確かにその通りと思う反面、出したアイデアが全然採用されない(何も変わらない)と言うことになれば、まじめに意見を言う人が次第に減っていくのではないかとも思います。このあたりは、制度の運用の仕方、リーダー達のリーダーシップに拠るところが大なのだろうと思います。

次に、発言できない人について、次のように述べています。これは、ふざけているようで結構実践的かなと小生などは思ってしまう方なのですが...

「発言ができないのには3つの理由があると思います。

1つ目は、心の中ではアイデアとか内容を思い付いているのに自信がなくて言えない場合です。言ってもしようがない、恥ずかしいというケースですね。この場合は、周りがどれだけフォローできるかが重要です。その人のアイデアを無視しないで、できるだけ拾ってあげる。ときには膨らませてあげる。これを繰り返すと、その人に自信がついてきます。
2つ目は、ほかのことを考えている場合。例えば、ブレスト中に「今日はとんかつが食べたいなあ…」なんて考えている場合です。こんなときは、無理をして建設的な発言をする必要はなく、「とんかつが食べたい」と発言すればいいんです。そこからアイデアが生まれることもありますから。会議室に置いてある新聞の見だしをそのまま言うのでもOKです。これも先輩や上司の方などブレストに慣れた人が手本を示してあげるといいですね。
3つ目は、本当に頭が真っ白になってしまう場合。そのようになったら、誰かの発言をオウム返しのように連呼するだけでも十分場があたたまって活性化してきます。そのほか、口で貢献できないと思ったら、とびきりに面白い格好でブレストに参加するというのでもいいですね! その格好について話しているうちにアイデアが出ることもあります。最初は同期だけとか、気兼ねしないメンバーだけでやるという方法もあります。いきなり変われと言っても難しいので、徐々に時間をかけてアイデアを出すことに慣れていきましょう。」


3.出されたアイデアをどのようにお金に換えるのか

こうして出されたアイデアを会社の収益にどうやって変えていくのか、その仕組みについては、あまり具体的に語られているとは言えませんが、至って正統的な手法をとっているように見受けられます。

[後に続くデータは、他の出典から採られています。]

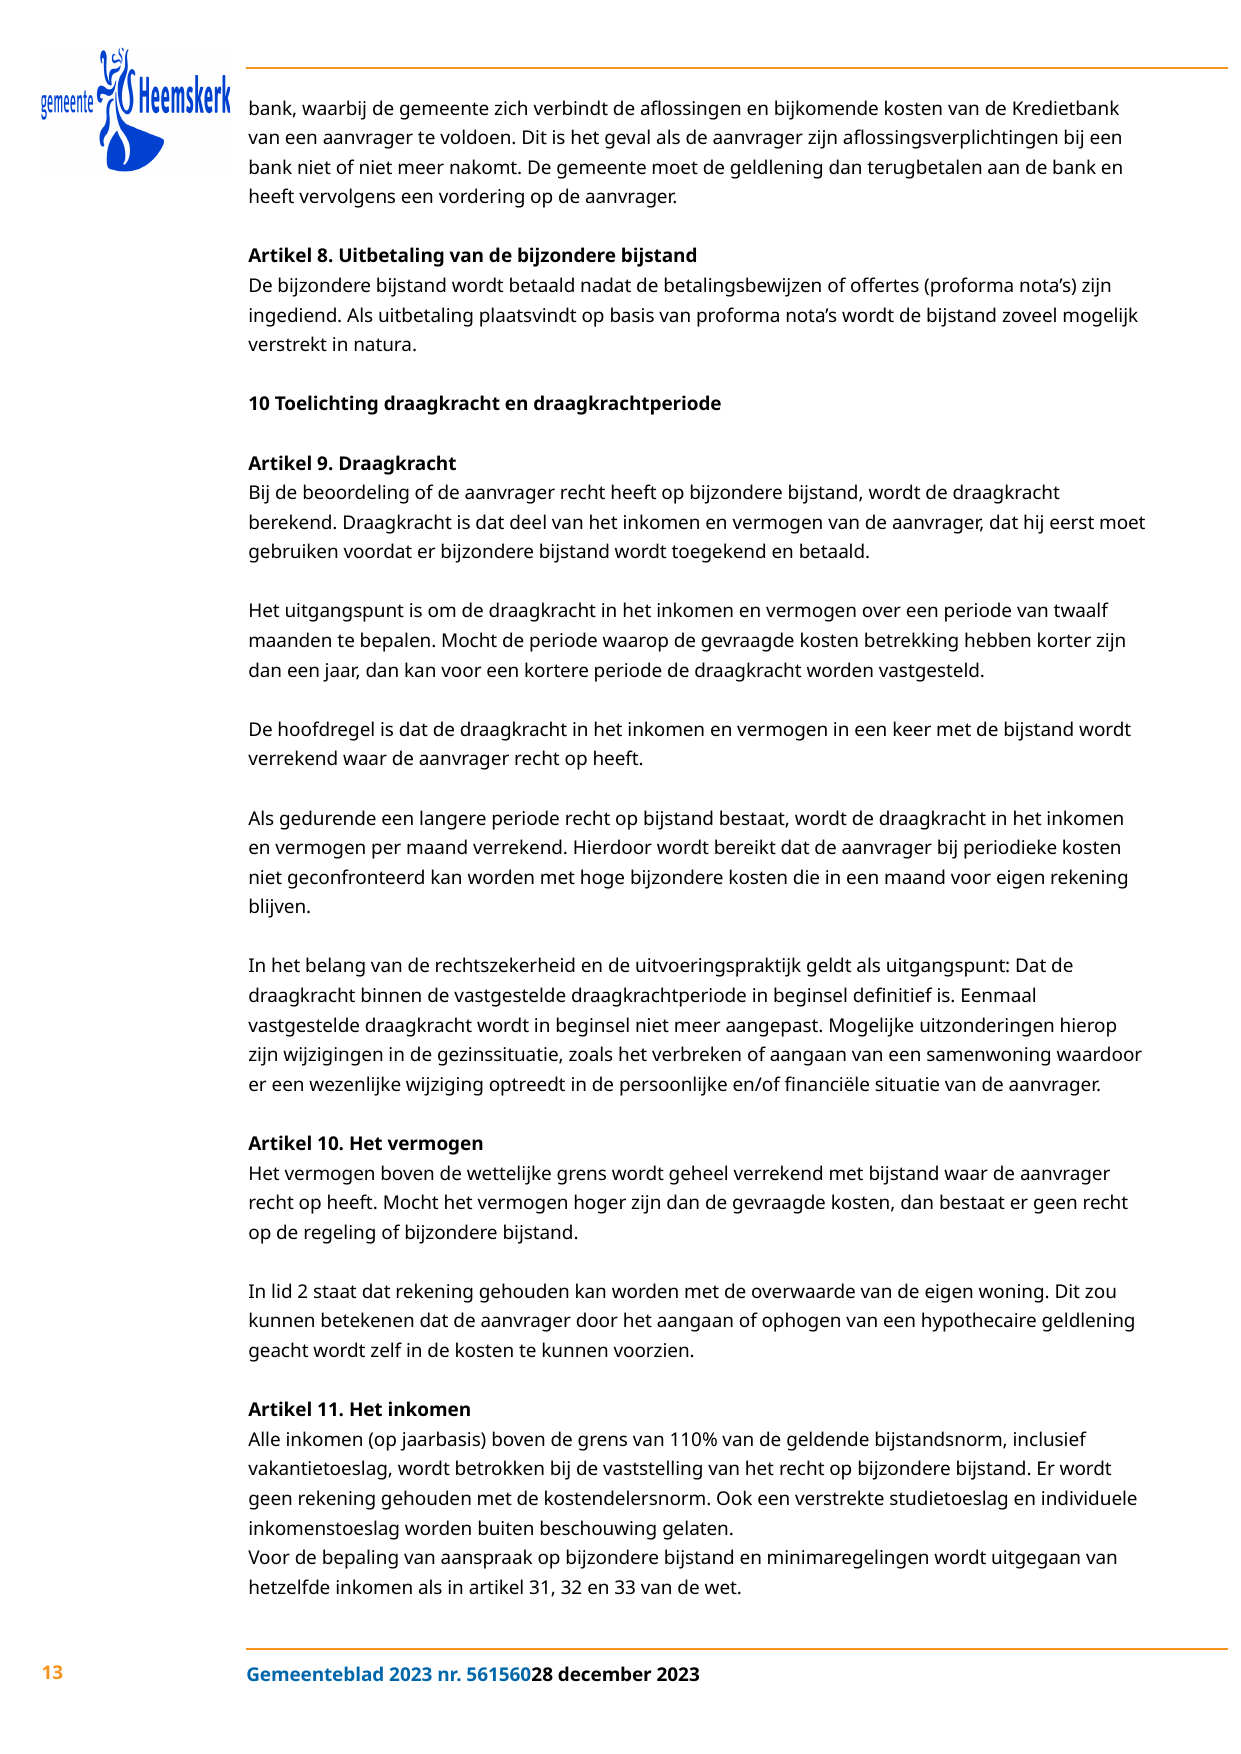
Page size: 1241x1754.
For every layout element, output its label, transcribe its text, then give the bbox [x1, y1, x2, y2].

picture [41, 47, 231, 172]
text Bij de beoordeling of de aanvrager recht heeft op bijzondere bijstand, wordt de draagkracht berekend. Draagkracht is dat deel van het inkomen en vermogen van de aanvrager, dat hij eerst moet gebruiken voordat er bijzondere bijstand wordt toegekend en betaald. [248, 479, 1152, 564]
text Artikel 9. Draagkracht [248, 450, 1152, 476]
text Alle inkomen (op jaarbasis) boven de grens van 110% van de geldende bijstandsnorm, inclusief vakantietoeslag, wordt betrokken bij de vaststelling van het recht op bijzondere bijstand. Er wordt geen rekening gehouden met de kostendelersnorm. Ook een verstrekte studietoeslag en individuele inkomenstoeslag worden buiten beschouwing gelaten. [248, 1426, 1152, 1541]
text Als gedurende een langere periode recht op bijstand bestaat, wordt de draagkracht in het inkomen en vermogen per maand verrekend. Hierdoor wordt bereikt dat de aanvrager bij periodieke kosten niet geconfronteerd kan worden met hoge bijzondere kosten die in een maand voor eigen rekening blijven. [248, 805, 1152, 919]
text De hoofdregel is dat de draagkracht in het inkomen en vermogen in een keer met de bijstand wordt verrekend waar de aanvrager recht op heeft. [248, 716, 1152, 771]
text Het uitgangspunt is om de draagkracht in het inkomen en vermogen over een periode van twaalf maanden te bepalen. Mocht de periode waarop de gevraagde kosten betrekking hebben korter zijn dan een jaar, dan kan voor een kortere periode de draagkracht worden vastgesteld. [248, 598, 1152, 683]
text bank, waarbij de gemeente zich verbindt de aflossingen en bijkomende kosten van de Kredietbank van een aanvrager te voldoen. Dit is het geval als de aanvrager zijn aflossingsverplichtingen bij een bank niet of niet meer nakomt. De gemeente moet de geldlening dan terugbetalen aan de bank en heeft vervolgens een vordering op de aanvrager. [248, 95, 1152, 209]
text De bijzondere bijstand wordt betaald nadat de betalingsbewijzen of offertes (proforma nota’s) zijn ingediend. Als uitbetaling plaatsvindt op basis van proforma nota’s wordt de bijstand zoveel mogelijk verstrekt in natura. [248, 272, 1152, 357]
text Artikel 8. Uitbetaling van de bijzondere bijstand [248, 243, 1152, 268]
text In lid 2 staat dat rekening gehouden kan worden met de overwaarde van de eigen woning. Dit zou kunnen betekenen dat de aanvrager door het aangaan of ophogen van een hypothecaire geldlening geacht wordt zelf in de kosten te kunnen voorzien. [248, 1278, 1152, 1363]
text Het vermogen boven de wettelijke grens wordt geheel verrekend met bijstand waar de aanvrager recht op heeft. Mocht het vermogen hoger zijn dan de gevraagde kosten, dan bestaat er geen recht op de regeling of bijzondere bijstand. [248, 1160, 1152, 1245]
text Artikel 10. Het vermogen [248, 1130, 1152, 1156]
text In het belang van de rechtszekerheid en de uitvoeringspraktijk geldt als uitgangspunt: Dat de draagkracht binnen de vastgestelde draagkrachtperiode in beginsel definitief is. Eenmaal vastgestelde draagkracht wordt in beginsel niet meer aangepast. Mogelijke uitzonderingen hierop zijn wijzigingen in de gezinssituatie, zoals het verbreken of aangaan van een samenwoning waardoor er een wezenlijke wijziging optreedt in de persoonlijke en/of financiële situatie van de aanvrager. [248, 953, 1152, 1097]
text 10 Toelichting draagkracht en draagkrachtperiode [248, 391, 1152, 416]
text Voor de bepaling van aanspraak op bijzondere bijstand en minimaregelingen wordt uitgegaan van hetzelfde inkomen als in artikel 31, 32 en 33 van de wet. [248, 1544, 1152, 1600]
text Artikel 11. Het inkomen [248, 1396, 1152, 1422]

つまり、実験的な段階とプロジェクト化する段階という2段階の判断基準があり、プロジェクト化したものに関しては、人件費などの原価を計算して、売上なども見て、しっかりと管理しているそうです。アイデアは誰もが出しますが、まずは新規事業チームを編成して実験的なサービスをつくり、それが成長するとプロジェクト化を検討するという仕組みで、プロジェクト化するかどうかの決定はリーダー層で行うとのことです。


沈黙は金の文化の中で育つ我々には、目から鱗のような話です。しかし、ものすごくないアイデアを物量作戦で出してこないと本当に他人の役に立つ又は興味を引く凄いアイデアはなかなか出てこないというのはわかるような気がします。また、物量作戦を実践するためのブレインストーミングの仕組みは、いいと思いました。